At least two genes have been shown to be required for the expression of the antiphagocytic M protein molecule in group A streptococci. Evidence for phage involvement in the expression of M protein is that: (a) M- cultures of bacteria can be converted to the M+ state (resistant to phagocytosis) upon lysogenization with appropriate bacteriophages; (b) without those bacteriophages the M- recipient culture could not be detected to revert to the M+ state, even under our most stringent selective conditions; and (c) stable M+ lysogens cured of their bacteriophages returned to the M- state. Immunochemical analysis of lysogenically converted M+ strains demonstrated that they contain precipitating and antiphagocytic determinants of the parental M-76 strain (CS110) rather than M-12 determinants expressed by the phage donor strain.

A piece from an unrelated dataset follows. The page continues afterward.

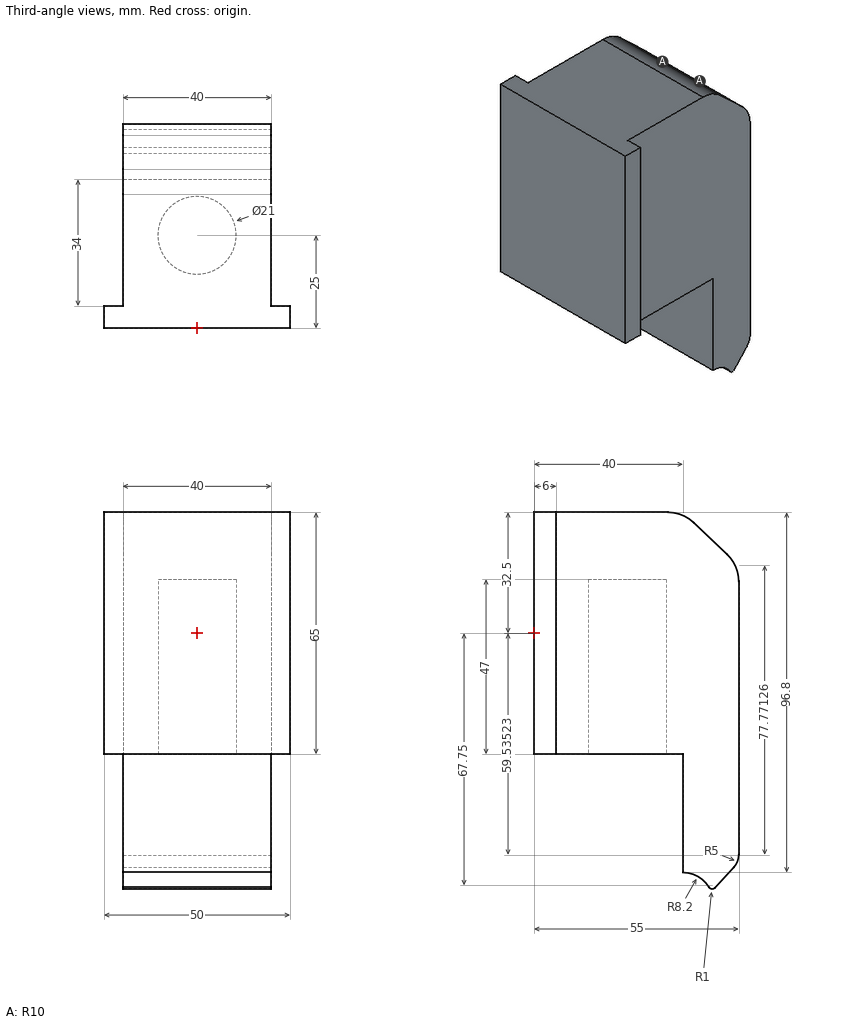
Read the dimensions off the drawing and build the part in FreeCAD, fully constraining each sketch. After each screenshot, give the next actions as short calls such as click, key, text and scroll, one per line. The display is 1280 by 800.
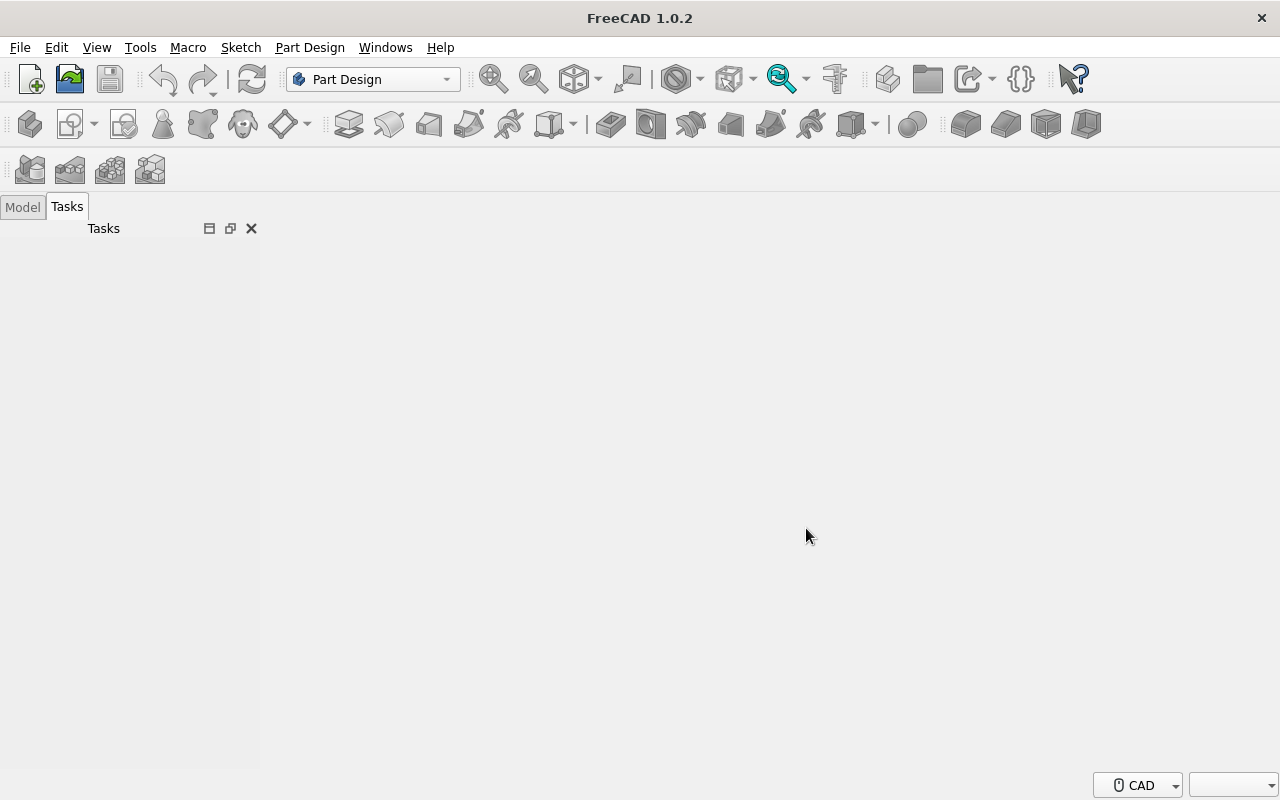
click(30, 80)

This information strongly suggests that the M- strain CS112 possesses the structural gene for M protein, but that it remains predominantly unexpressed. Quantitation of the M antigen produced by these strains supports the observation that the M- phage-recipient strain possesses a small amount of extractable M antigen and that phage activates its synthesis by some unknown mechanism. Various possibilities to account for the phage requirement in M protein synthesis and its role in the transition between M+ and M- states are discussed.